Allan Bloom:  Harris that’s right. Employees are generally covered by the federal wage and hour laws so that means minimum wage that means overtime pay but independent contractors are not covered so whether a worker is an employee or an independent contractor is a major issue under the wage and hour laws in addition to a number of other laws. Particularly in the last few years the misclassification of workers as independent contractors has been the subject of a number of private lawsuits a number of investigations by government labor agencies and tax agencies and this is not only in traditional industries but also in businesses within the gig economy or the on-demand economy that rely heavily on independently contracted workers.  So the legal rights of these types of workers has been the subject of a lot of debate in the last few years and has become increasingly political.  Some states have taken steps to make it harder for businesses to classify workers as independent contractors.

A great example is California, which recently enacted what they called AB5 Assembly Bill Five legislation under which many workers are deemed to be employees for purposes of California’s wage and hour laws unless the services they provide are outside the usual course of the business of the company that engages them.  Now you have the U.S. Department of Labor the federal agency publishing a proposed rule today September 25th to clarify whether a worker is or isn’t an independent contractor for purposes of the Fair Labor Standards Act: the federal law governing wages and hours.

Harris Mufson:  So why don’t we talk a little bit about the specifics of the proposed rule can you outline the highlights of that for our listeners?

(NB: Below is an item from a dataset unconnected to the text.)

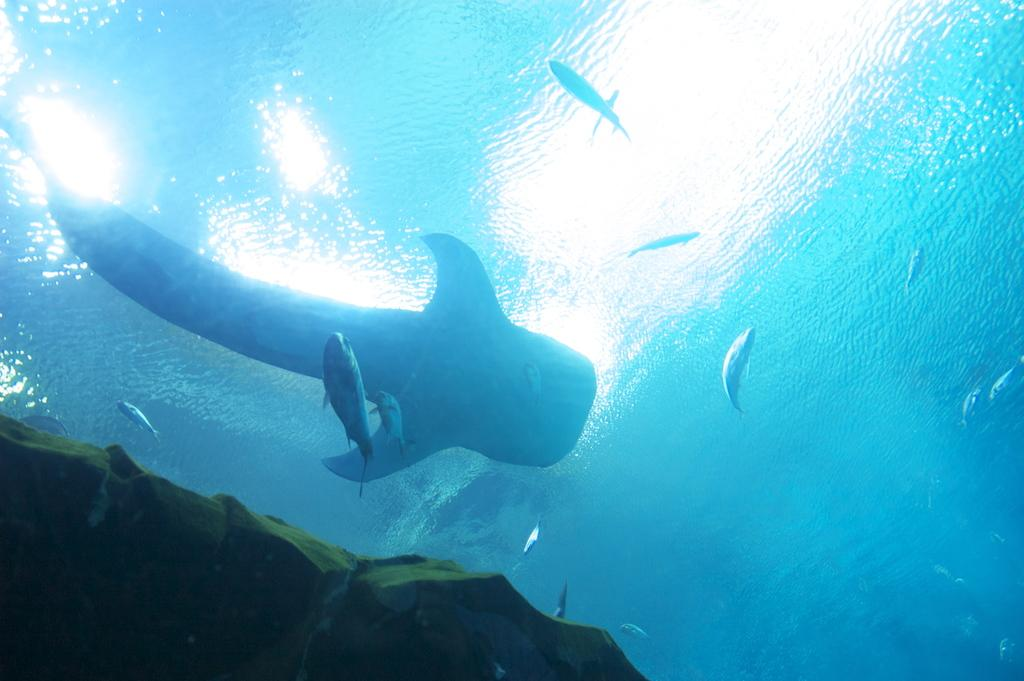What type of animals can be seen in the image? There are fishes in the image. What other objects can be seen in the image? There are rocks in the image. Where are the fishes and rocks located? The fishes and rocks are underwater. What is the opinion of the bottle in the image? There is no bottle present in the image, so it is not possible to determine its opinion.

Allan Bloom: Harris, the rules start out by confirming that independent contractors are not employees for purposes of the federal wage law.  That means that under the Fair Labor Standards Act a business does not have to pay minimum wage or overtime to an independent contractor.  So what makes somebody an independent contractor?  The determining factor for the Department of Labor is economic dependence and according to the agency a worker is an employee under the federal wage laws if as a matter of economic reality that worker is dependent on the business that engages him or her.  On the other hand, a worker is an independent contractor if he or she as a matter of economic reality is in business for himself or herself.  How will the Department of Labor determine whether or not a worker is economically dependent on a business? There are two core factors and three other factors. The two core factors are the most important ones and they’re the ones that are going to be afforded the greater weight in the analysis. If both of them point to the same classification, whether its employee or independent contractor, then there’s going to be a substantial likelihood that’s the right answer regardless of how the three other factors play out. So the first core factor is the nature and degree of the individual’s control over the work.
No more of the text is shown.